Description Karsten Thoms CLA 2019-10-03 11:45:56 EDT
The test case 
  org.eclipse.e4.ui.tests.workbench.PartOnTopManagerTest.test_PlaceholderOnTopStackSwitch

fails sometimes. It was observed on two unrelated changes recently, and gone away after retriggering. Failed in
   https://ci.eclipse.org/platform/job/eclipse.platform.ui-Gerrit/20318/ , change https://git.eclipse.org/r/150491
   https://ci.eclipse.org/platform/job/eclipse.platform.ui-Gerrit/20305/ , change https://git.eclipse.org/r/#/c/150300/

We should investigate this.
Comment 1 Lars Vogel CLA 2019-11-12 07:53:17 EST
Jens, you recently stabilized several tests, can you have a look? This one fails frequently in the last days, e.g., https://ci.eclipse.org/platform/job/eclipse.platform.ui-Gerrit/20783/testReport/
Comment 2 Jens Lideström CLA 2019-11-13 02:30:28 EST
(In reply to Lars Vogel from comment #1)
> Jens, you recently stabilized several tests, can you have a look?

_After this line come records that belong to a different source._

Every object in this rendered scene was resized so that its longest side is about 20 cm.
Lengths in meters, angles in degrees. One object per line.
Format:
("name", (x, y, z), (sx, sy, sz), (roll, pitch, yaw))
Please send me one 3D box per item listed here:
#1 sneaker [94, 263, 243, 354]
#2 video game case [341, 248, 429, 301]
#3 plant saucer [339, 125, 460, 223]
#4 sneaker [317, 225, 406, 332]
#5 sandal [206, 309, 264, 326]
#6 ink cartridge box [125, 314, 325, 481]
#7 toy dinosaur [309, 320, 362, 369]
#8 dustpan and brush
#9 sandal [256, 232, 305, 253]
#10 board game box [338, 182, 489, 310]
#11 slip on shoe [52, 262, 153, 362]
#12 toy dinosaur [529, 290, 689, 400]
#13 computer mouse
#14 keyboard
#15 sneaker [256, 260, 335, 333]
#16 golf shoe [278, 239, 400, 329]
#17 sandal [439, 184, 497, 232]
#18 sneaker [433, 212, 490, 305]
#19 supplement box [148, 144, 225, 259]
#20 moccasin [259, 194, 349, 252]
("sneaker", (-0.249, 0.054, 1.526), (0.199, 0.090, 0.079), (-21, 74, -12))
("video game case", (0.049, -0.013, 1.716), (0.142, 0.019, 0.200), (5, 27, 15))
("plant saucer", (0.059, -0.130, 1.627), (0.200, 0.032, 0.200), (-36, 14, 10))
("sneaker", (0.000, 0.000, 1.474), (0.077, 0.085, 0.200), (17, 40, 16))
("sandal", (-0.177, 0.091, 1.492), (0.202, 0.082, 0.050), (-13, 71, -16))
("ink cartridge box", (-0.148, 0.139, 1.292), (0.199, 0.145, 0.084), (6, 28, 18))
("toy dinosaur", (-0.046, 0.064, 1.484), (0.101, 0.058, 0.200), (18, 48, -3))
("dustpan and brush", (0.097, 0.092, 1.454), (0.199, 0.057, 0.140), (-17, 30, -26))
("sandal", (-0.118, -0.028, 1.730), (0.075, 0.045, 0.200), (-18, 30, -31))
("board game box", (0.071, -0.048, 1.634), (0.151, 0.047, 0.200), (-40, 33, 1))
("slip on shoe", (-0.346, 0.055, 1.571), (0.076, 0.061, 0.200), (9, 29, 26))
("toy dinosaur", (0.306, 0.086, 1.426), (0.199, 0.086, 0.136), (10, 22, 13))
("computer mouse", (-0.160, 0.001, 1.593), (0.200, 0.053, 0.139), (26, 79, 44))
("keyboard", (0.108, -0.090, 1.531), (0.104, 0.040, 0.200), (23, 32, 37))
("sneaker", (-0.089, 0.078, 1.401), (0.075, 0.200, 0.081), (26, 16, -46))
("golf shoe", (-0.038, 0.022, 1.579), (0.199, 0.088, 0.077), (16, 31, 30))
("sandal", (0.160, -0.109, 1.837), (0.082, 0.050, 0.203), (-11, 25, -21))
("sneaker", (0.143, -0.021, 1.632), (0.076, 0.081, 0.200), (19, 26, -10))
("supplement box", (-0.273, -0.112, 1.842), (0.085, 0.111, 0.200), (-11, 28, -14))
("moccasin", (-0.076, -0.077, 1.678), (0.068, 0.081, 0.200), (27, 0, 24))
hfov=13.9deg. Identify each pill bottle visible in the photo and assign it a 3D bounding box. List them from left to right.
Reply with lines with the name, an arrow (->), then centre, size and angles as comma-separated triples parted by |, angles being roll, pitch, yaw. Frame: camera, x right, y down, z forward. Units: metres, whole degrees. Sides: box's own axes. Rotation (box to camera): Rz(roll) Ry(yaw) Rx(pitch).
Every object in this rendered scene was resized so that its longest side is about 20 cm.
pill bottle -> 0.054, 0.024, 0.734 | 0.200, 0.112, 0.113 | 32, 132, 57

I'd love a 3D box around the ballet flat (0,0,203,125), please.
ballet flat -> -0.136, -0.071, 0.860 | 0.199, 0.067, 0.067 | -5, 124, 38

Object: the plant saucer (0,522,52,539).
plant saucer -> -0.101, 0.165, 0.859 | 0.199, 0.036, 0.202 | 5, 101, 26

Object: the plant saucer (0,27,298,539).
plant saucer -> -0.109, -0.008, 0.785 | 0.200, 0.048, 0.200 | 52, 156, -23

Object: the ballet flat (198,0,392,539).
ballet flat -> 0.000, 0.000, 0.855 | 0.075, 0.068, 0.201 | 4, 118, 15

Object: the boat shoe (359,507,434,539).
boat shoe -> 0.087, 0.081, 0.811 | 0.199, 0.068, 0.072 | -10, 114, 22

Okay, I'll have a look in a few days.
Comment 3 Jens Lideström CLA 2019-11-13 14:51:16 EST
The test doesn't fail in any of the currently available integration tests (I20190909-1520 to I20191112-1800) so it's hard to figure out what's going wrong.

Next time anyone sees it, please post a stack trace to this ticket!
Comment 4 Eclipse Genie CLA 2019-11-13 16:48:16 EST
New Gerrit change created: https://git.eclipse.org/r/152620
Comment 5 Lars Vogel CLA 2019-11-13 17:17:52 EST
java.lang.AssertionError: CleanupAddon should ensure that partStack is not rendered anymore, as all childs have been removed
	at org.eclipse.e4.ui.tests.workbench.PartRenderingEngineTests.ensureCleanUpAddonCleansUp(PartRenderingEngineTests.java:2479)
Comment 6 Lars Vogel CLA 2019-11-13 17:18:56 EST
(In reply to Lars Vogel from comment #5)
> java.lang.AssertionError: CleanupAddon should ensure that partStack is not
> rendered anymore, as all childs have been removed
> 	at
> org.eclipse.e4.ui.tests.workbench.PartRenderingEngineTests.
> ensureCleanUpAddonCleansUp(PartRenderingEngineTests.java:2479)

See https://ci.eclipse.org/platform/job/eclipse.platform.ui-Gerrit/20856/
Comment 7 Jens Lideström CLA 2019-11-15 03:31:01 EST
The easy fix I tried to stabilize this test didn't work. I'll look at it a little more when I have time, but I don't know if I can do anything about it.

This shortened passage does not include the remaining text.